How Services Use Authorization Data

  • Article

In Windows 2000, services act in their own security contexts only when they are trying to gain access to resources on their own behalf. For the most part, this happens only when they are doing their own housekeeping — reading or writing configuration data stored in registry keys, binding to communications ports, and completing other tasks that are not related to work for a particular client. When a service is doing something for a client, it impersonates the client and acts in the client's security context. This means that in addition to verifying the identity of a client, Windows 2000 services also must take on some of their client's characteristics — specifically, the client's level of authorization on the system.

When a service sets up housekeeping on a computer that is running Windows 2000, it calls the SSPI method AcquireCredentialsHandle to gain access to its own credentials (the secret key for the account under which the service runs). The service then binds to a communications port, where it listens for messages from prospective clients.

When a client requests a connection and presents a session ticket, the service asks the Kerberos SSP to verify the client's credentials by calling the SSPI method AcceptSecurityContext and passing as an argument the client's session ticket along with a handle to the service's secret key. The SSP verifies the ticket's authenticity, opens it, and passes the contents of the authorization data field to the LSA. If the data includes a list of SIDs, the LSA uses them to build an access token that represents the user on the local system. In addition, the LSA queries its own database to determine whether the user or one of the user's security groups is a member of a security group created on the local system. If any such groups are found, the LSA adds these SIDs to the access token. The LSA then confirms for the calling service that the client's identity has been authenticated and encloses a reference to the client's access token.

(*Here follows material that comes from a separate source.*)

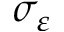Convert formula to latex. <formula><loc_0><loc_0><loc_500><loc_500>\sigma _ { \varepsilon }</formula>

Upon receiving confirmation, the service completes its connection with the client and attaches the client's access token to an impersonation thread by calling ImpersonateSecurityContext. When the impersonation thread requires access to an object, it presents the client's token. The operating system performs an access check by comparing the SIDs in the client's token to the SIDs in the object's ACL. If the operating system finds a match, it checks to see that the entry in the ACL grants the level of access requested by the thread. If the authorized level of access matches the level of access requested, the thread is allowed access to the object. Otherwise, access is denied.